"Agreed," she answered. "And if I fail I will give you the finest dress suit a tailor can make."
You may be sure that the proud sister-in-law of a bishop never heard of this wager. The girls kept it a secret.
"It is not anything, after all," Jane said to her sisters. "Ellen not being town bred, it will exonerate her."
Ned did not like the idea very much, but Ellen seemed so delighted at the chance to show her skill that he did not have the heart to dampen her pleasure with a lecture on the improprieties.
"I must remember that she is a bloom of the fresh free countryside, where life is broader and less restrained by convention," he said to himself. So Ellen was left to win her wager with happiness.

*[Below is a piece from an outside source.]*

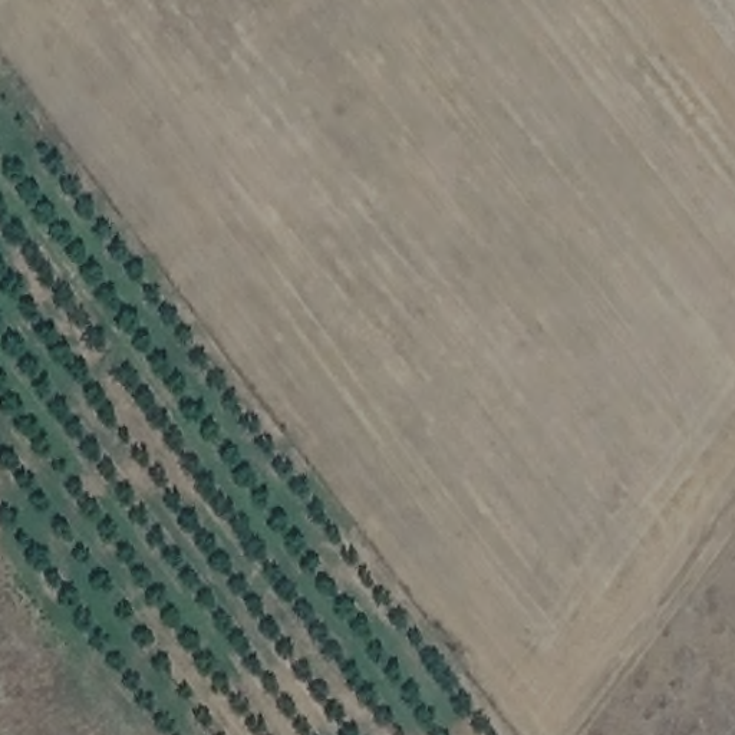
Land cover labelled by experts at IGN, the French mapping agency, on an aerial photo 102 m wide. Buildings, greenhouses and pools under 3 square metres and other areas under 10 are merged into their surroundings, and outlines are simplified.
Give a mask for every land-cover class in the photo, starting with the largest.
<instances>
[{"label":"agricultural land","instance_id":"1","mask_svg":"<svg viewBox=\"0 0 735 735\"><path fill-rule=\"evenodd\" d=\"M0 46L11 57L17 72L29 80L34 98L49 109L72 152L100 178L109 198L121 207L126 224L118 233L126 241V247L141 258L146 253L158 256L161 267L172 276L181 296L198 307L201 322L215 327L233 362L247 370V376L256 382L264 399L293 428L296 442L313 459L316 477H322L336 502L359 525L368 528V534L390 560L393 571L413 589V597L428 609V614L436 617L454 635V640L465 652V663L471 666V672L497 698L502 712L514 721V726L523 735H735V0H0ZM0 735H121L115 726H106V712L92 709L69 666L55 652V646L43 640L37 632H32V617H23L17 612L6 577H0Z\"/></svg>","mask_w":735,"mask_h":735},{"label":"herbaceous vegetation","instance_id":"2","mask_svg":"<svg viewBox=\"0 0 735 735\"><path fill-rule=\"evenodd\" d=\"M37 141L55 144L60 149L63 167L72 175H78L80 189L92 195L98 215L109 221L106 230L95 233L92 224L75 210L72 195L63 192L60 181L52 178V172L46 169L34 146ZM6 155H17L26 172L34 175L37 187L57 204V215L72 224V233L83 238L86 253L100 261L103 278L115 281L118 299L138 307V319L141 327L149 330V342L155 347H164L167 359L187 376L184 390L172 393L164 385V379L152 370L149 359L132 345V336L115 324V313L95 299L78 264L63 253L57 241H52L49 227H43L32 215V207L23 201L14 181L3 172ZM0 192L6 198V210L17 215L29 238L37 241V250L49 261L52 273L69 281L75 301L83 304L92 324L103 327V345L98 350L89 347L86 333L75 322H69L60 304H55L52 293L40 284L37 273L23 258V250L11 244L0 227V253L23 276L29 296L34 299L43 319H52L57 333L69 339L72 353H78L86 362L89 376L103 385L115 408V419L109 425L100 422L98 411L86 402L83 388L66 373L63 365L52 359L49 347L34 333L32 322L23 319L20 304L0 290V316L9 327H14L23 336L26 347L37 356V365L46 370L49 388L66 396L69 411L80 416V425L98 439L100 448V454L92 462L83 457L78 439L69 436L66 428L52 416L49 405L37 396L32 379L20 370L17 359L9 356L0 345V368L6 370L11 390L23 396L26 413H34L49 436V451L37 457L32 451L29 436L14 428L6 411H0V445H11L17 451L20 465L34 474L37 488H43V494L49 497V505L43 511H34L29 494L17 485L14 474L0 468V502L14 505L23 531L49 546V557L57 574L75 583L80 606L92 609V620L103 632H109V637L98 649H92L89 635L72 626V612L57 600V589L49 586L43 571L26 563L23 548L14 543L11 534L0 528V577H6L17 612L23 617H32V632H37L43 640L55 646V652L69 666L92 709L106 712V726H115L121 735H253L241 715L230 709L227 698L212 692V680L195 669V660L178 643L175 629H169L161 620V612L146 603L144 589L135 586L132 571L115 554V546L106 543L98 525L80 514L78 500L66 488V479L72 474L80 477L83 488L98 500V508L115 520V528L123 540L135 546L141 563L152 571V577L167 586L184 623L198 629L201 649H210L215 660H227L233 666V692L247 695L253 712L264 715V724L273 735H299L293 724L278 712L276 701L267 695L261 680L244 666L241 655L215 629L212 614L195 600V591H189L181 583L178 571L161 557L167 546H181L187 563L212 589V597L230 612L233 623L247 635L258 663L276 675L278 686L293 698L296 709L307 718L316 735H339L336 721L324 715L322 703L310 695L307 683L293 675V666L304 657L310 660L316 678H322L330 695L345 706V715L356 721L362 735H425L411 706L402 701V692L388 680L385 669L368 655L362 637H356L347 620H342L333 612V597L316 586V580L301 568L299 557L287 551L284 537L267 525V514L276 505L284 508V517L293 528H301L307 546L319 554V568L336 580L339 591L356 597V609L370 617V629L382 640V649L399 657L402 672L416 680L422 701L434 706L436 726H448L451 735H479L474 732L471 721L454 712L448 695L431 678L408 635L399 632L396 623L388 617L385 606L373 600V591L359 580L356 568H350L342 560V548H356L359 560L368 566L373 580L390 591V597L396 600V606L408 612V620L419 629L425 643L442 655L459 686L468 692L471 706L491 721L497 735H523L514 726V721L502 712L497 698L471 672V666L465 663V652L454 640V635L436 617L428 614V609L413 597V589L393 571L390 560L368 534V528L359 525L336 502L322 477H316L313 459L296 442L293 428L264 399L256 382L247 376V370L233 362L215 327L201 322L198 307L181 296L172 276L161 267L158 256L146 253L141 258L126 247V241L118 233L126 224L121 207L109 198L100 178L72 152L49 109L34 98L29 80L17 72L11 57L0 46ZM121 362H132L141 382L152 390L155 402L167 408V416L178 428L184 448L198 454L201 468L212 471L215 488L233 497V505L247 514L250 528L264 540L267 560L281 566V571L293 580L299 597L310 600L316 620H322L327 626V635L342 646V655L356 660L359 675L373 683L379 703H388L393 709L388 724H379L373 718V712L347 686L342 669L322 655L319 643L310 637L301 617H296L293 606L276 594L261 566L253 557H247L233 525L204 500V494L195 488V479L184 471L181 459L164 442L161 431L149 425V419L135 405L129 390L112 376V368ZM189 396L204 399V408L218 425V434H212L210 439H204L201 428L181 413L178 402ZM227 439L238 442L241 457L253 465L258 479L267 482V500L261 505L253 502L250 488L238 485L230 465L221 459L218 448ZM135 445H146L149 459L164 465V482L155 485L149 474L132 459ZM169 488H178L181 500L195 508L198 523L215 531L218 548L230 554L233 568L247 577L250 589L261 597L264 612L273 614L281 635L293 640V652L278 655L276 643L261 632L258 620L250 614L244 597H238L230 589L227 577L210 566L195 537L187 528H181L175 511H169L164 502V494ZM319 497L330 520L339 525V540L333 543L327 540L324 528L307 514V502ZM112 649L126 655L129 666L138 672L141 686L152 692V703L146 709L135 703V695L123 686L121 675L106 663V655Z\"/></svg>","mask_w":735,"mask_h":735},{"label":"deciduous trees","instance_id":"3","mask_svg":"<svg viewBox=\"0 0 735 735\"><path fill-rule=\"evenodd\" d=\"M34 146L46 169L52 172V178L60 181L63 192L72 195L75 210L92 224L95 233L106 230L109 221L98 215L92 195L80 189L78 175H72L63 167L60 149L55 144L37 141ZM3 172L14 181L23 201L32 207V215L43 227H49L52 241H57L63 253L78 264L95 299L115 313V324L132 336V345L149 359L152 370L164 379V385L172 393L184 390L187 376L167 359L164 347H155L149 342V330L141 327L138 319V307L118 299L115 281L103 278L100 261L86 253L83 238L72 233V224L57 215V204L37 187L34 175L26 172L17 155H6ZM0 227L11 244L23 250V258L37 273L40 284L52 293L55 304H60L69 322H75L86 333L89 347L98 350L103 345V327L92 324L83 304L75 301L69 281L52 273L49 261L37 250V241L29 238L17 215L6 210V198L0 192ZM0 290L20 304L23 319L32 322L34 333L49 347L52 359L63 365L66 373L83 388L86 402L98 411L100 422L109 425L115 419V408L103 385L89 376L86 362L78 353H72L69 339L57 333L52 319H43L34 299L29 296L23 276L0 253ZM0 345L9 356L17 359L20 370L32 379L37 396L49 405L52 416L66 428L69 436L78 439L83 457L92 462L100 454V448L98 439L80 425V416L69 411L66 396L49 388L46 370L37 365V356L26 347L23 336L14 327H9L0 316ZM112 376L129 390L135 405L149 419V425L161 431L164 442L181 459L184 471L195 479V488L204 494V500L233 525L247 557H253L261 566L276 594L293 606L296 617H301L310 637L319 643L322 655L342 669L347 686L373 712V718L379 724H388L393 709L388 703H379L373 683L359 675L356 660L342 655V646L327 635V626L322 620H316L310 600L299 597L293 580L281 571V566L267 560L264 540L250 528L247 514L233 505V497L215 488L212 471L201 468L198 454L184 448L178 428L167 416V408L155 402L152 390L141 382L132 362H121L112 368ZM0 411H6L14 428L29 436L32 451L37 457L49 451V436L34 413H26L23 396L11 390L6 370L0 368ZM181 413L201 428L204 439H210L212 434H218V425L204 408V399L189 396L178 402ZM221 459L230 465L238 485L250 488L253 502L261 505L267 500V482L258 479L253 465L241 457L238 442L227 439L218 448ZM0 468L14 474L17 485L29 494L34 511H43L49 505V497L43 494V488H37L34 474L20 465L17 451L11 445H0ZM132 459L149 474L155 485L164 482V465L149 459L146 445H135ZM66 488L78 500L80 514L98 525L106 543L115 546V554L132 571L135 586L144 589L146 603L161 612V620L169 629H175L178 643L195 660V669L212 680V692L227 698L230 709L241 715L253 735H273L264 724V715L253 712L247 695L233 692V666L227 660H215L210 649H201L198 629L184 623L167 586L152 577V571L141 563L135 546L123 540L115 528V520L98 508V500L83 488L80 477L72 474L66 479ZM164 502L169 511H175L181 528H187L195 537L210 566L227 577L230 589L238 597H244L250 614L258 620L261 632L276 643L278 655L293 652V640L281 635L273 614L264 612L261 597L250 589L247 577L233 568L230 554L218 548L215 531L198 523L195 508L181 500L178 488H169L164 494ZM307 514L324 528L327 540L333 543L339 540V525L330 520L319 497L307 502ZM0 528L11 534L14 543L23 548L26 563L43 571L49 586L57 589V600L72 612V626L89 635L92 649H98L109 637V632H103L92 620V609L80 606L75 583L57 574L49 557V546L23 531L14 505L0 502ZM267 525L284 537L287 551L299 557L301 568L316 580V586L333 597V612L342 620H347L356 637H362L368 655L385 669L388 680L402 692V701L411 706L425 735H451L448 726H436L434 706L422 701L416 680L402 672L399 657L382 649V640L370 629V617L356 609V597L339 591L336 580L319 568V554L307 546L301 528H293L284 517V508L276 505L267 514ZM161 557L178 571L181 583L189 591H195V600L212 614L215 629L241 655L244 666L261 680L267 695L276 701L278 712L293 724L299 735H316L307 718L296 709L293 698L278 686L276 675L258 663L247 635L233 623L230 612L212 597V589L187 563L181 546H167ZM342 560L350 568H356L359 580L373 591V600L385 606L388 617L396 623L399 632L408 635L431 678L448 695L454 712L471 721L474 732L479 735H497L491 721L471 706L468 692L459 686L442 655L425 643L419 629L408 620V612L396 606V600L390 597V591L373 580L368 566L359 560L356 548H342ZM106 663L121 675L123 686L135 695V703L146 709L152 703V692L141 686L138 672L129 666L126 655L112 649L106 655ZM293 675L307 683L310 695L322 703L324 715L336 721L339 735H362L356 721L345 715V706L330 695L322 678H316L310 660L304 657L293 666Z\"/></svg>","mask_w":735,"mask_h":735}]
</instances>

One morning Mrs. Moore announced from behind the George III. coffee-urn bearing the arms of the Fish family that she had decided to give a ball. "As the wife of a physician and the sister of a bishop, I feel it my duty to do something for society. Not a bread-and-butter affair like old Mrs. Hone gives; nor should I care to entertain the mob of vulgarians Mrs. Van Pelt does. Something elegant for the representative families, William," she said, giving her spouse's coffee-cup a conciliatory dash of cream.
"Oh, you lovely, lovely mamsey!" the Moore girls chorus. "No, we can't sit still," they cry, heedless of her admonishment. About the table they pirouette and out into the hall, almost knocking over the haughty, stout Miss Rattlebones whom Thomas is leading to the doctor's office.
"Won't it be simply perfect?" they keep asking Ellen. "We will have the waltz,—the new dance so fashionable abroad, you know."
"And 'The Devil among the Tailors' they had at Matilda Hoffman's the other night," Jane added.
"The what? The devil something do I hear you say?" asks Mrs. Moore, rolling her eyes in a horrified fashion. "We will never have that indecent dance in my abode."